▶ _Record set_:
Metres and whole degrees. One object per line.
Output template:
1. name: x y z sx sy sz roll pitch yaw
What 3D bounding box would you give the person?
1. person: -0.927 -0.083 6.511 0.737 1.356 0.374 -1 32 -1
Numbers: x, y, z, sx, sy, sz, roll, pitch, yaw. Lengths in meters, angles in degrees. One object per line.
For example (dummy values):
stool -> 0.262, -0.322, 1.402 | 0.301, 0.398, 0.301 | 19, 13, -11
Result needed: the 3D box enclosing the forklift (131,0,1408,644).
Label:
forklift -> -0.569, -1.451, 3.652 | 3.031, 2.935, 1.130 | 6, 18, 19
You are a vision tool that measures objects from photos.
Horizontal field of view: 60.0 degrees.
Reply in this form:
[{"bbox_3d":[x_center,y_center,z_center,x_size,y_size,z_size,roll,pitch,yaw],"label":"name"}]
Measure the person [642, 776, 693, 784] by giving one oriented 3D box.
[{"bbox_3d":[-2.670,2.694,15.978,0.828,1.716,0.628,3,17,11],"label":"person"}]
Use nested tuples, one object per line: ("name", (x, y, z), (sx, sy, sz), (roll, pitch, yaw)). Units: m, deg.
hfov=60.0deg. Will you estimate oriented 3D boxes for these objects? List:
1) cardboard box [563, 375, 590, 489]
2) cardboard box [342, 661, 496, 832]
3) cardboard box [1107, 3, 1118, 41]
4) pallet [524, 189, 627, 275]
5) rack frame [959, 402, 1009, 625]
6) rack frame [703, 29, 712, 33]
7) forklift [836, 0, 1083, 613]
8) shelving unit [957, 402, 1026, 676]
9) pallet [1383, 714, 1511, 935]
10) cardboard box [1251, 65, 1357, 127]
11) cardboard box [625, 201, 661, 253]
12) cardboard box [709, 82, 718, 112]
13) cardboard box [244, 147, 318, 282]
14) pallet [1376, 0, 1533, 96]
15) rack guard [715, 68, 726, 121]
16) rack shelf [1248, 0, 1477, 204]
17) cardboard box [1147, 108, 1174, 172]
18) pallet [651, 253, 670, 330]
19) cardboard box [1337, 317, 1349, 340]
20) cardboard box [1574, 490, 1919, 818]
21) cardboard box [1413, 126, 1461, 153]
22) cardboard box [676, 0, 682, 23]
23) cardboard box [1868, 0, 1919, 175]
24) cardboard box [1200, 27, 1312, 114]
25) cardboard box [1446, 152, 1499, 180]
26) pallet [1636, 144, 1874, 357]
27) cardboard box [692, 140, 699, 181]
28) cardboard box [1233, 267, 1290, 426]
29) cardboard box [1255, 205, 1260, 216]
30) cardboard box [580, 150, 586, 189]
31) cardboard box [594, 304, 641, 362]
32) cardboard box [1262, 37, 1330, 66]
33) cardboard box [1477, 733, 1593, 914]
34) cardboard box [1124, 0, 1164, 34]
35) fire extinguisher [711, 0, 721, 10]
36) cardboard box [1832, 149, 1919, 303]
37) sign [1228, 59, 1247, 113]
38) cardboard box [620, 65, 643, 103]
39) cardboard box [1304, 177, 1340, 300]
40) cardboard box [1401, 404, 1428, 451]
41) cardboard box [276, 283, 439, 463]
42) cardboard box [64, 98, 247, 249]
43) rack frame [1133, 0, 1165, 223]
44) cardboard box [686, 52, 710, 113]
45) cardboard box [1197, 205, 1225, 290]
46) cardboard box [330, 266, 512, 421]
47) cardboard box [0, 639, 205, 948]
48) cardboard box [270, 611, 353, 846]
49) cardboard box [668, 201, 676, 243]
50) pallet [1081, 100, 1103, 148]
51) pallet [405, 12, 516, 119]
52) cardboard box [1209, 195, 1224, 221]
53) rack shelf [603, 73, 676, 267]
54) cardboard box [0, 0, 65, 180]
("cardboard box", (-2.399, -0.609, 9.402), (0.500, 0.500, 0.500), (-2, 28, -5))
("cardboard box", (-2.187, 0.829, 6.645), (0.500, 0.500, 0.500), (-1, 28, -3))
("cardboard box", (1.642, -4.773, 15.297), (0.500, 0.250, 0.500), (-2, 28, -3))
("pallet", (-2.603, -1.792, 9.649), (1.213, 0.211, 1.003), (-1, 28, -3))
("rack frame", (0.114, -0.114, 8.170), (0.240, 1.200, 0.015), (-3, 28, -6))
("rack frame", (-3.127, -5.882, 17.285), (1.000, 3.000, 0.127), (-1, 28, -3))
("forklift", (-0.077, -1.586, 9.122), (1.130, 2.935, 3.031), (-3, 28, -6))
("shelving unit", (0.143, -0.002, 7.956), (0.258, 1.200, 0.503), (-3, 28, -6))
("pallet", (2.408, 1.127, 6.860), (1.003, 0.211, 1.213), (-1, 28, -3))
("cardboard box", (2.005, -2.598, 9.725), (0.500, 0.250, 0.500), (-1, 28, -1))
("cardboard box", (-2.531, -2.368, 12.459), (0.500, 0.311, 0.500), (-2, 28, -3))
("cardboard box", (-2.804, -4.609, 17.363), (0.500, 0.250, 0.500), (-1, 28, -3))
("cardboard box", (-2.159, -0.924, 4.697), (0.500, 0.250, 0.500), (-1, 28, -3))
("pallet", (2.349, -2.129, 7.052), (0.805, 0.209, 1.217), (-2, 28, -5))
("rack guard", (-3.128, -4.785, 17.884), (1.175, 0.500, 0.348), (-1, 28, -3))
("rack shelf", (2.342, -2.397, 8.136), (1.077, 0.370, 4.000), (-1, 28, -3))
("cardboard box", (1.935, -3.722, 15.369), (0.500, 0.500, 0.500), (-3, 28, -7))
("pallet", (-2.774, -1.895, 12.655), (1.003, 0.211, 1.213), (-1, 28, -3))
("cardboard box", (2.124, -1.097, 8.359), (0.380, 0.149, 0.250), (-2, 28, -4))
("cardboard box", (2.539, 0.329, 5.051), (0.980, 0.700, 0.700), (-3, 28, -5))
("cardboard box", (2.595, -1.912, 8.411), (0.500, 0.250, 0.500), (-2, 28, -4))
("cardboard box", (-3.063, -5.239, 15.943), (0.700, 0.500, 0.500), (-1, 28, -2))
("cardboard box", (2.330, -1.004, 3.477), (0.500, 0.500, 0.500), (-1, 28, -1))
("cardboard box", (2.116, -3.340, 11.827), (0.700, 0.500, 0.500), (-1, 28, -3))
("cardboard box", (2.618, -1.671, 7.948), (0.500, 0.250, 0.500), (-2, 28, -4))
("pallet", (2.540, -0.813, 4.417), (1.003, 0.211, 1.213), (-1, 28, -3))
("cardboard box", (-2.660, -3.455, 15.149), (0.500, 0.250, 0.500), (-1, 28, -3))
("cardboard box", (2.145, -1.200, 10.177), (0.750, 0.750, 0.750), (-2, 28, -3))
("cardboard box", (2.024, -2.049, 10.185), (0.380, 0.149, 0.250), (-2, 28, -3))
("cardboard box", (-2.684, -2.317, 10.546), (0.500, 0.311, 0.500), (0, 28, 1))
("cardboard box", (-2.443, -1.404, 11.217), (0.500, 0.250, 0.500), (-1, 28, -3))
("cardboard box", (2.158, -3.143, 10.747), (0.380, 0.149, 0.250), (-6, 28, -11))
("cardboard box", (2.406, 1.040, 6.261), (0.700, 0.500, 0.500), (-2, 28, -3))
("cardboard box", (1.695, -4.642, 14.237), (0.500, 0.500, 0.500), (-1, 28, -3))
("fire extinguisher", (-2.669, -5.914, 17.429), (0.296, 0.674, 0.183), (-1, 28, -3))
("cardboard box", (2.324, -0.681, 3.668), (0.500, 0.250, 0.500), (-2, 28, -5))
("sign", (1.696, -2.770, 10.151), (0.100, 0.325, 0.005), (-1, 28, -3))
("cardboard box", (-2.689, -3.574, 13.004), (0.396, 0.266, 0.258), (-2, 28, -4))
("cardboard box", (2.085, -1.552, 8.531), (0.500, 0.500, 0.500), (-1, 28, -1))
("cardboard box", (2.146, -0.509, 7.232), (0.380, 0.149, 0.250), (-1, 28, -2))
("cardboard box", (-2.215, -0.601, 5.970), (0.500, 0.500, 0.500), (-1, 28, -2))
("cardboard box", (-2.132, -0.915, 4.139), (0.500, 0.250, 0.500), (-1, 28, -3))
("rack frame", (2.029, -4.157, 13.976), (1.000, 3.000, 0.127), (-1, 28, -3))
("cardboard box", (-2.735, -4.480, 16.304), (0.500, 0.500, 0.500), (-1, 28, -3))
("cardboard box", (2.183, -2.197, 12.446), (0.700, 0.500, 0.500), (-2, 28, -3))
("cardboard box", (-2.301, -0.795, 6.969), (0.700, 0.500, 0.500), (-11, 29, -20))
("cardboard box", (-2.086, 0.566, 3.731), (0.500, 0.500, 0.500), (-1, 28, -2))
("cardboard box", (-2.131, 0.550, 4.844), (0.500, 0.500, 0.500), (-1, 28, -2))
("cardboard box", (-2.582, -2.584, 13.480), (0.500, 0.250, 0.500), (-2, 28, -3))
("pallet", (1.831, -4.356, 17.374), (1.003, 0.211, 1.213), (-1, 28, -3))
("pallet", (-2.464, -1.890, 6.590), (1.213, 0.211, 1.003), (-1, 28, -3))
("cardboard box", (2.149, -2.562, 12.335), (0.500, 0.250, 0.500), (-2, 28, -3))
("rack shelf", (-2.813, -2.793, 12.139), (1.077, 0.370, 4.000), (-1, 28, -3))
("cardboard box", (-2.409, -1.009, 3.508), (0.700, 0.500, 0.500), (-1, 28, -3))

▶ _Work task_:
Examine the listing and say how many of its lines contain the string "pitch". Give the number alone.

▶ _Answer to this exercise_:
4